The Penitentiary Service substantiates the threat of interference with the transportation based on the information publicly disseminated by the State Security Service. Apart from the publicly available information, the Penitentiary Service did not cite any evidence of the reality of the realization of this risk. First of all, it is worth mentioning that lately, the State Security Service has been making particularly problematic statements. At all events, ensuring basic human rights must not be dependent on the Executive’s statements. Many circumstances require an assessment regarding the definitions of the Special Penitentiary Service and the justice system, in general. For example, the Special Penitentiary Service points out the obstruction of motor escorts through the creation of artificial traffic jams. The reality of that risk must be evaluated as well as why the Penitentiary Service does not provide escorts by other means of transport (Per Article 3 of the Rules Approved by the Order N149 of the Minister of Corrections and Probation of Georgia of October 19, 2015 “On Prisoner’s Escorting/Transferring Rules and Procedures”). Or, if there is an immediate risk of Saakashvili’s health deterioration, why is the relevant medical evidence not provided to the court.


Order N149 of the Minister of Corrections and Probation of Georgia of October 19, 2015 “On Prisoner’s Escorting/Transferring Rules and Procedures”, like many other legal acts does not allow the Penitentiary Service to review the Court’s request. Under Article 4 (a) of the Rules approved by the mentioned Order, escorts are carried out “for defendants/convicts to participate of in trial or procedural proceedings - at the request of the relevant court or the relevant authorized person of the Constitutional Court of Georgia, that does not require additional decisions”.


The attitude of the trial court


As mentioned above, three hearings have already been held in connection with the ongoing criminal cases against Mikheil Saakashvili.  All three cases were heard by different judges.  Based on the incomplete records of the hearings, the information provided by the parties, and the statement of the Tbilisi City Court regarding the November 10 hearing, we can assume that the trial judges avoided clarifying the issue. Although the law in all three cases required the defendant’s presence at the trials, the refusal of the Penitentiary Service was based on the same circumstances, and none of the judges took additional measures to thoroughly investigate the reasons for the defendant's absence from court.


The court requested the presence of the accused in all three cases, however, in none of the cases was it interested in the proper determination of the grounds for the refusal of the Penitentiary Service to comply with the request.
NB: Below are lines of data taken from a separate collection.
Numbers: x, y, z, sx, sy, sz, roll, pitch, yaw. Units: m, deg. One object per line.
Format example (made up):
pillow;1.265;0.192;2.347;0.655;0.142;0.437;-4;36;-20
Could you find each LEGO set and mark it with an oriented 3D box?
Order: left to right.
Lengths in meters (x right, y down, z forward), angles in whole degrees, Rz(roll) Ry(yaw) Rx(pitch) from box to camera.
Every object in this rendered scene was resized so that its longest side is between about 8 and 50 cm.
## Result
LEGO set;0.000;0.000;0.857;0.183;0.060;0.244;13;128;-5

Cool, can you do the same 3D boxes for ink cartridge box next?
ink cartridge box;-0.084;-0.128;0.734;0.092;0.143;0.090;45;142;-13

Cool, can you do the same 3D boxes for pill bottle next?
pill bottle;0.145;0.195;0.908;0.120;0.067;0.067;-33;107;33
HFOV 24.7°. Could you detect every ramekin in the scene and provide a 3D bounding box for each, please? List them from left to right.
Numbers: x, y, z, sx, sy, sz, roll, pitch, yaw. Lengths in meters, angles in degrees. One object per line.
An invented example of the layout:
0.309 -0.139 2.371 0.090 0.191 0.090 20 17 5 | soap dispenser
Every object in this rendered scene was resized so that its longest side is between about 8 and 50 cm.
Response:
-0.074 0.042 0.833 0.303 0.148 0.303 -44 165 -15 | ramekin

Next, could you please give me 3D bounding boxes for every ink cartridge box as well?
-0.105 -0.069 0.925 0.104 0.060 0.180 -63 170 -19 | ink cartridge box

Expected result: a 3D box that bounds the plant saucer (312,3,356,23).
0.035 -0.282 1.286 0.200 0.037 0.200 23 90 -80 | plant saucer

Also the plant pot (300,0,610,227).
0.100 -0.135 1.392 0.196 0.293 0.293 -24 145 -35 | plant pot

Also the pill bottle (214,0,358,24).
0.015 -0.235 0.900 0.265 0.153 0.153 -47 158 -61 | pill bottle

The court should not accept the refusal of the Executive to escort the accused as a well-known indisputable fact. The trial court must examine in depth the merits of the circumstances cited by the Penitentiary Service, and only then decide whether to adjourn the hearing or to hold it outside the courtroom. Naturally, the court is not able to ensure the accused physically being present in the court, however, it must legally assess the inaction of the Executive and set the appropriate legal consequences.


It is important to note that the Public Defender of Georgia also demands the inclusion of Mikheil Saakashvili at his trials and assesses his inability to participate in trials, to be a violation of the Constitution and the European Convention.


Assessment of IDFI


The Special Penitentiary Service, in violation of the requirements of the law, refers to abstract and vague circumstances and refuses to escort Mikheil Saakashvili at trials. Besides, we are under the impression that judges hearing the case are not taking reasonable measures to ensure the effective realization of the accused’s right to a fair trial and to limit the possible arbitrariness of the Executive.


Therefore, IDFI believes that the cases of Mikheil Saakashvili are still being considered in violation of the right to a fair trial of the accused. Mentioned harms not only the accused, but the reputation of the Court and the principle of publicity of trials, as well as establishes a dangerous precedent.